校門を通ると、大きな噴水です。ここで泳ぐんですかね。
少し浅すぎる気も。足をーー。
「アリア、それは噴水よ」
「それぐらい知ってます」
「だったら、見るためのものって分かるでしょ」
「も、もちろんです」
なるほど、これは雰囲気作りというものですね。周りに、庭園もありますし、水を植物に上げるためなのかもしれません。

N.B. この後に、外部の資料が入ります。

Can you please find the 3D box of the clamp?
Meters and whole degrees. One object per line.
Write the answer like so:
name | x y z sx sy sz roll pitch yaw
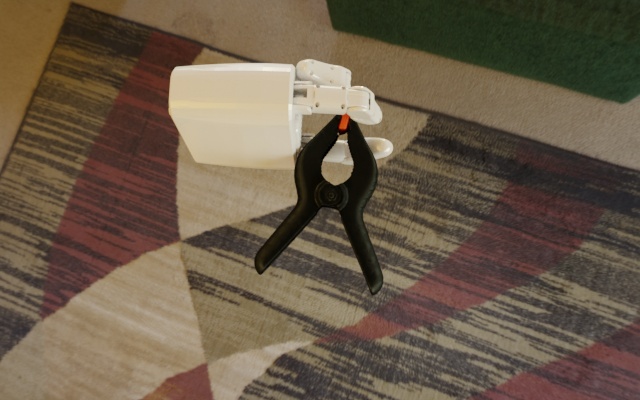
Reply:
clamp | 0.000 0.001 0.449 0.120 0.171 0.039 2 -7 -5
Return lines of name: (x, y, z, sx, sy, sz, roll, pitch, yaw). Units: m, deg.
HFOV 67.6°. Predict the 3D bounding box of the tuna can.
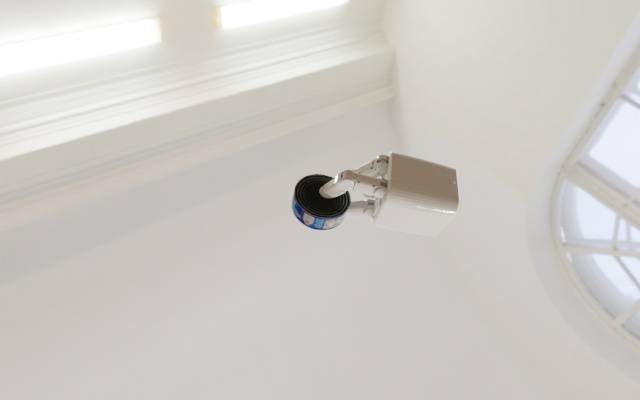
tuna can: (0.000, 0.003, 0.718, 0.086, 0.086, 0.034, 0, -40, -16)
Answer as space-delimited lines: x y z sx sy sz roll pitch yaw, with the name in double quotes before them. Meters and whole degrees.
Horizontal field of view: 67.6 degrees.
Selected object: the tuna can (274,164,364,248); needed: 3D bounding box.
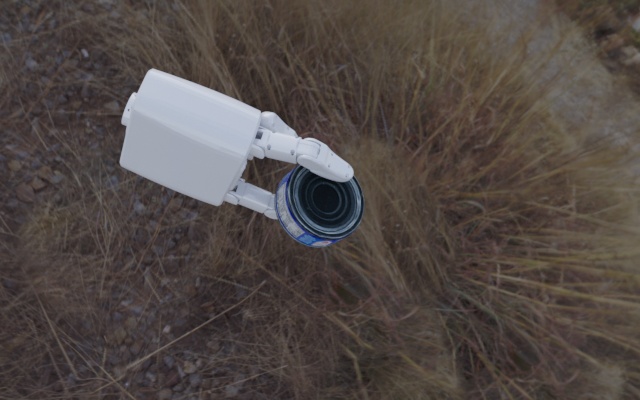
"tuna can" 0.000 0.001 0.472 0.086 0.086 0.034 0 -17 -27
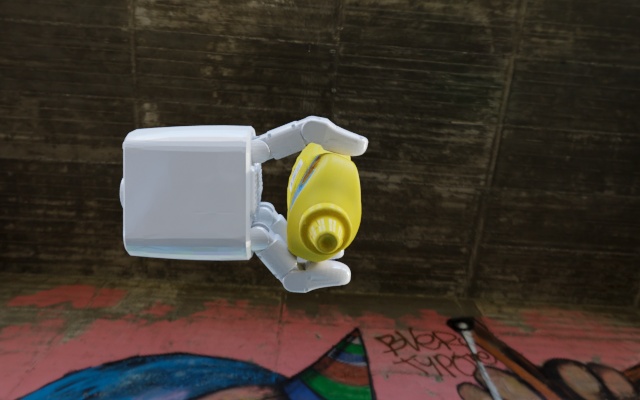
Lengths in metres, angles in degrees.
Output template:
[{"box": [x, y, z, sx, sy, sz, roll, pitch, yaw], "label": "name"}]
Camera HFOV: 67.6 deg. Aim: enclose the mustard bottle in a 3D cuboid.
[{"box": [0.000, 0.001, 0.436, 0.058, 0.096, 0.191, 22, 15, -9], "label": "mustard bottle"}]
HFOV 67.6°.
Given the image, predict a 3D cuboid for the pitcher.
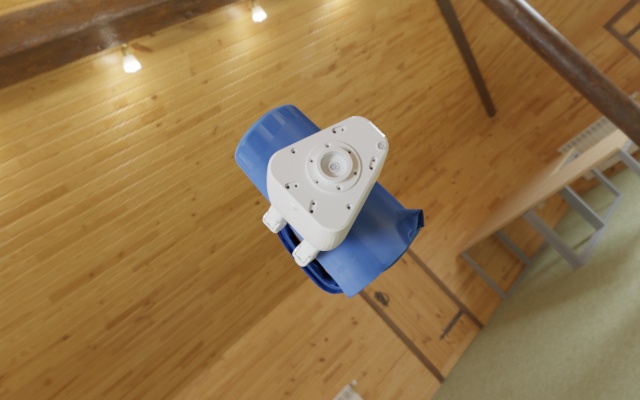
[{"bbox_3d":[0.000,0.002,0.621,0.149,0.243,0.145,-42,-7,-9],"label":"pitcher"}]
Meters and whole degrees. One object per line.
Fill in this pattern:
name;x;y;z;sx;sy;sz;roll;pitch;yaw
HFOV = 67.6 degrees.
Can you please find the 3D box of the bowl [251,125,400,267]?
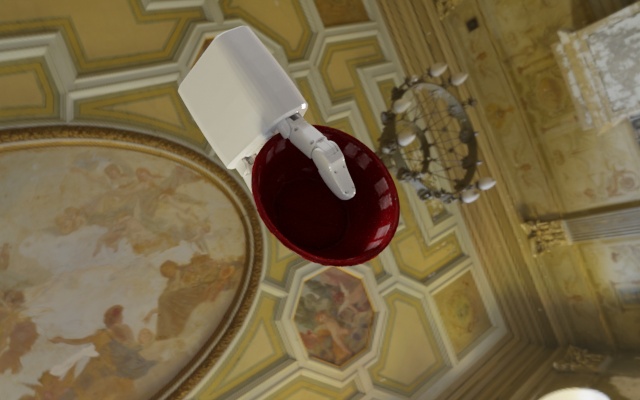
bowl;0.001;0.003;0.502;0.162;0.162;0.055;0;-27;-24
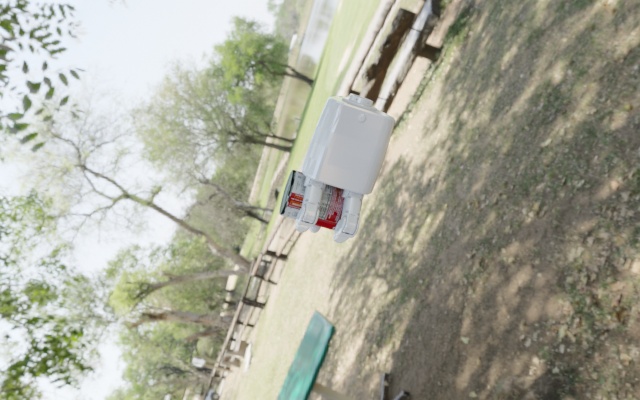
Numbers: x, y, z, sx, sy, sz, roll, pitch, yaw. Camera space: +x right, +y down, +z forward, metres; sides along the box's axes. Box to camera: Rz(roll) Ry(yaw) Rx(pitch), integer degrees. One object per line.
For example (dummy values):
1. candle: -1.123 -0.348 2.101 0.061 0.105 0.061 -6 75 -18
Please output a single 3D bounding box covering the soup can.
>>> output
1. soup can: 0.000 0.003 0.670 0.102 0.068 0.068 16 -3 -10
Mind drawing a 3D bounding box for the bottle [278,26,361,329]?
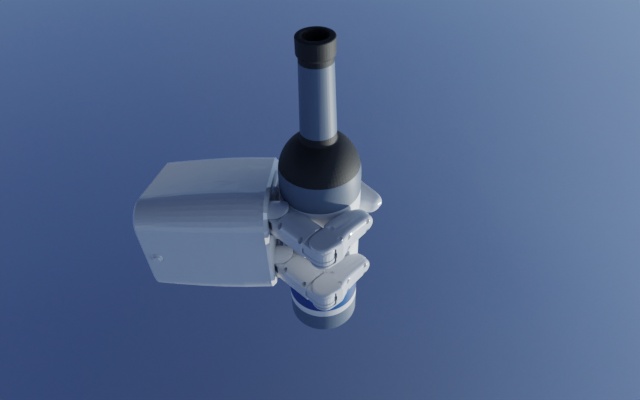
[{"bbox_3d":[0.000,0.001,0.404,0.069,0.296,0.069,-1,44,1],"label":"bottle"}]
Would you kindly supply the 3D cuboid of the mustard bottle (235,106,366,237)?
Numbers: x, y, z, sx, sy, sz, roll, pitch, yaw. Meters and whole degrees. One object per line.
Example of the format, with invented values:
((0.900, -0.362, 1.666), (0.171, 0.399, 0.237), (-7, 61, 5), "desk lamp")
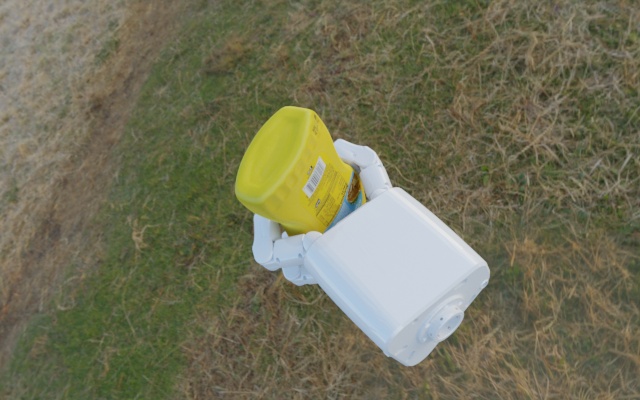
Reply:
((0.000, 0.001, 0.464), (0.058, 0.096, 0.192), (15, -19, 33), "mustard bottle")
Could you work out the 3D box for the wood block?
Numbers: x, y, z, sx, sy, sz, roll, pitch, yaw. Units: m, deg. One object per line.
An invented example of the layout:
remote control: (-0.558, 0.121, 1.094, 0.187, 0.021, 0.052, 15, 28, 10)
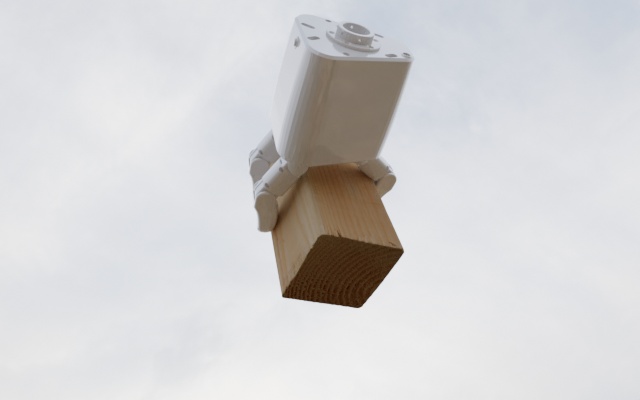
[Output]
wood block: (0.000, 0.001, 0.511, 0.091, 0.090, 0.206, 13, 36, -25)
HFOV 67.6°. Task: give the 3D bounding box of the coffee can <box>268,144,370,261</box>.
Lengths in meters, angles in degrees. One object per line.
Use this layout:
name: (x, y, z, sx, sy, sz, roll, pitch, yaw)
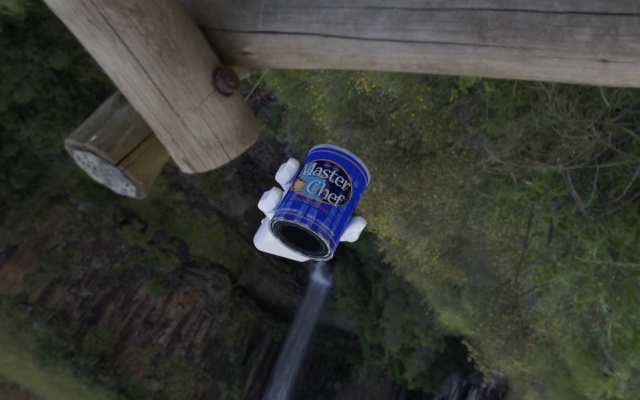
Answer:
coffee can: (0.000, 0.002, 0.702, 0.103, 0.140, 0.103, 21, -29, 12)
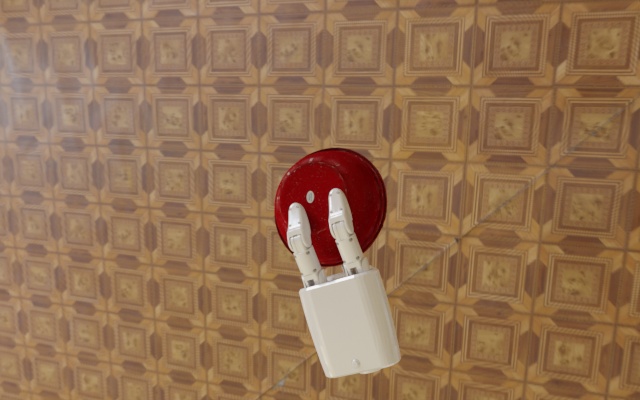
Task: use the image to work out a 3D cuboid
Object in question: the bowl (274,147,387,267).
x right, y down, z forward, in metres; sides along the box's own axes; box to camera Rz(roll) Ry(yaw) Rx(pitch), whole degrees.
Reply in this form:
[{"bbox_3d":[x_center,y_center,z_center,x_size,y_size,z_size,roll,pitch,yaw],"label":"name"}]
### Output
[{"bbox_3d":[-0.001,0.001,0.609,0.162,0.162,0.055,0,-12,24],"label":"bowl"}]
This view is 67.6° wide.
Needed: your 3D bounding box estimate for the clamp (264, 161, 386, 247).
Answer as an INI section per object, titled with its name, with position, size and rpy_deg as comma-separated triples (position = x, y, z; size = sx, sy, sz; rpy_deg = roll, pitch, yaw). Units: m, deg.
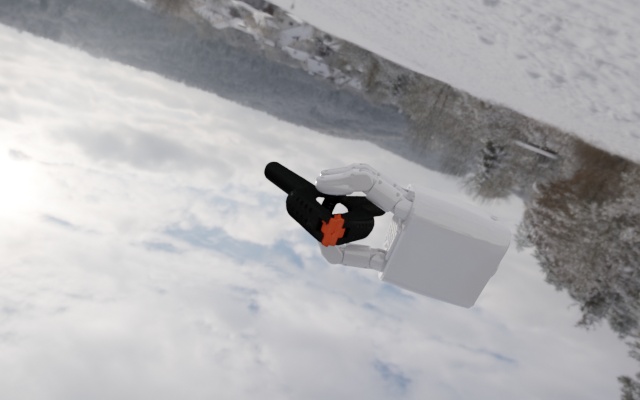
[clamp]
position = 0.000, 0.003, 0.527
size = 0.164, 0.036, 0.210
rpy_deg = 19, 13, 2
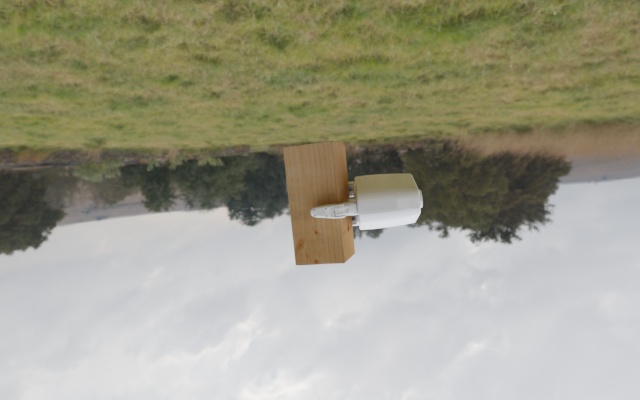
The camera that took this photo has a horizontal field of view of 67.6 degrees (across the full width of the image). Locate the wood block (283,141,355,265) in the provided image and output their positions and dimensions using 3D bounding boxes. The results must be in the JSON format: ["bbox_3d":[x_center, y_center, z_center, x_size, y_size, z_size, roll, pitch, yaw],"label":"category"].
[{"bbox_3d":[0.000,0.003,0.846,0.090,0.206,0.091,-5,4,17],"label":"wood block"}]
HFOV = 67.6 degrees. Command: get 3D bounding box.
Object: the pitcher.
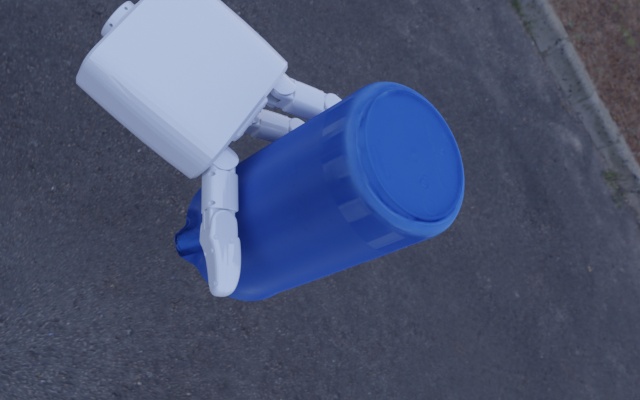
[{"bbox_3d":[0.000,0.001,0.402,0.145,0.149,0.243,40,-35,-19],"label":"pitcher"}]
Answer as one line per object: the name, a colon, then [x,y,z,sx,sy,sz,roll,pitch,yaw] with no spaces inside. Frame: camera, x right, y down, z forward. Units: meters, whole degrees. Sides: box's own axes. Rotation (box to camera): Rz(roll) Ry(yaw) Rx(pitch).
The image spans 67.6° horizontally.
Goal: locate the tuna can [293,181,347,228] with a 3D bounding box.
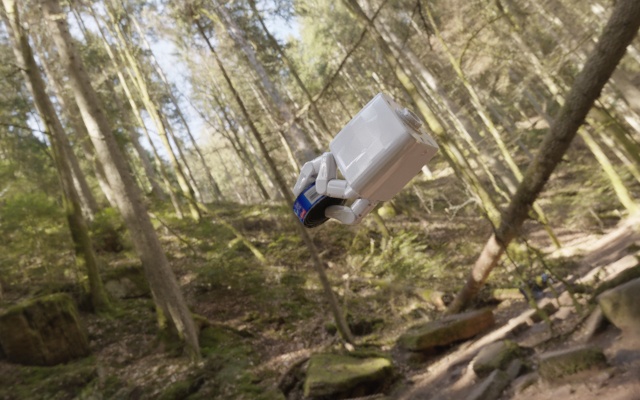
tuna can: [0.000,0.002,0.742,0.086,0.033,0.086,-32,-23,-16]
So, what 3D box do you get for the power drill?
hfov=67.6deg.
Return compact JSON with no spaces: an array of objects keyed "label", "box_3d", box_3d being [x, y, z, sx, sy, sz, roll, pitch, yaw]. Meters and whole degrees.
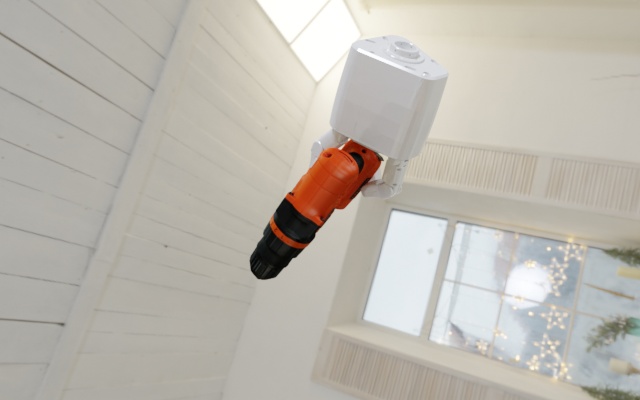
[{"label":"power drill","box_3d":[0.000,0.002,0.582,0.057,0.184,0.187,41,27,3]}]
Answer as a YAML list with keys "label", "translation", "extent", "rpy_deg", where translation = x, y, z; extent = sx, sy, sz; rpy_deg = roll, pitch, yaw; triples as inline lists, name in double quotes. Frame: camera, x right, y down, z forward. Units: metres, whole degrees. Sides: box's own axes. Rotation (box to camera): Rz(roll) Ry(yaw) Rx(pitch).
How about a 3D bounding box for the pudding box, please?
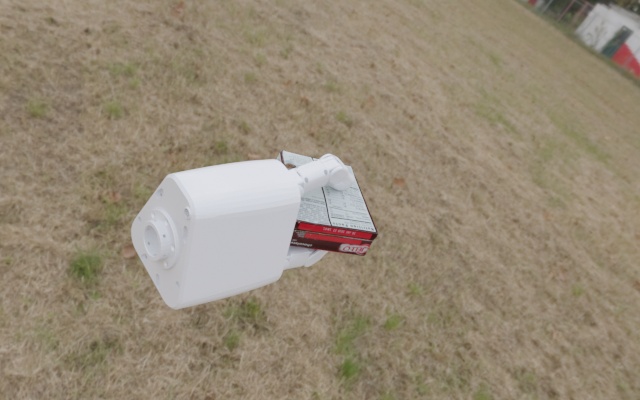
- label: "pudding box"
  translation: [0.000, 0.001, 0.491]
  extent: [0.090, 0.039, 0.113]
  rpy_deg: [11, 40, -24]
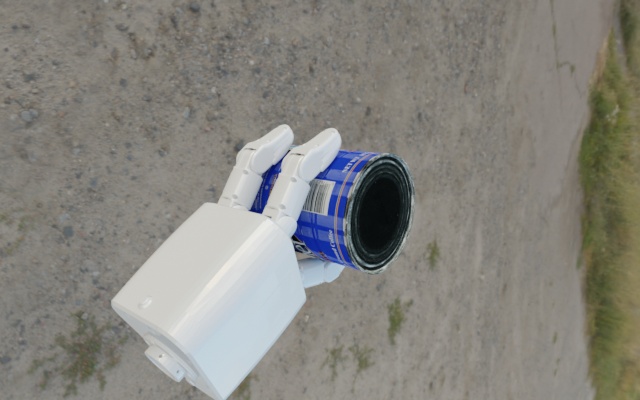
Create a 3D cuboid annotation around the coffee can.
[{"bbox_3d":[0.000,0.001,0.440,0.140,0.103,0.103,11,7,40],"label":"coffee can"}]
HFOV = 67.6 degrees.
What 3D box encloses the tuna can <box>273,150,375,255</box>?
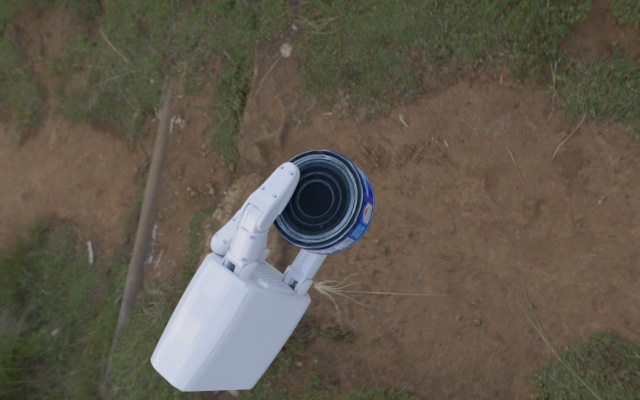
[{"bbox_3d":[0.000,0.001,0.401,0.086,0.086,0.034,0,-12,20],"label":"tuna can"}]
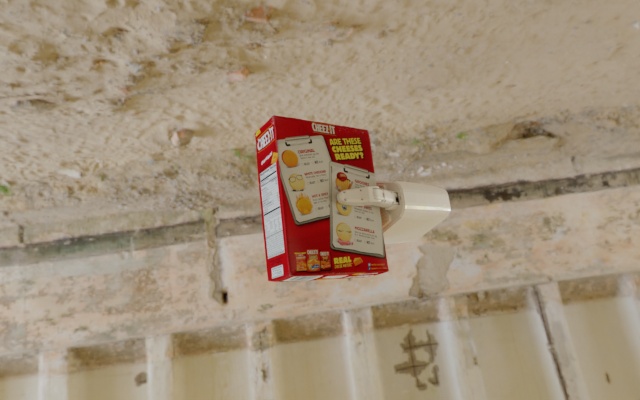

まぁ、見よう見真似で、やっていればだいたいオッケーなはずです。ファーストペンギンは犠牲になると、師匠も言ってましたし。でも、結局、ペンギンが何かは、分かりませんでしたけど。
重厚そうな建物。これがお城ですか。
四角くて、壁のようです。時計と鐘が真ん中の上部にあります。
「お城です」
「カステッロ城は向こうよ。ここが学園の校舎」
「魔法三発はかかりそうです」
「絶対にやめなさいね。魔法のマトじゃないから。というか、分かってるでしょうけど、隠蔽のスキルを使いさないよ。あなたは、ここを優秀な成績で卒業すればいいだけだから。一番は、問題を起こさないことだけど」
「分かってます。コネと人脈、そして、肩書きですね」
「それと、最低限のマナーよ。日常生活に溶け込みなさい」
「スパイ活動っと」
「全然、間違ってるけど、もういいわ。多少のことは諦めるから。じゃあ、手続きしてくるから、大人しく待ってなさい」
「はーい」
「返事だけはいいわね」
メリッサさんが、校舎の中へと消えていく。わたしは、とりあえず、庭園を大人しく散策ですね。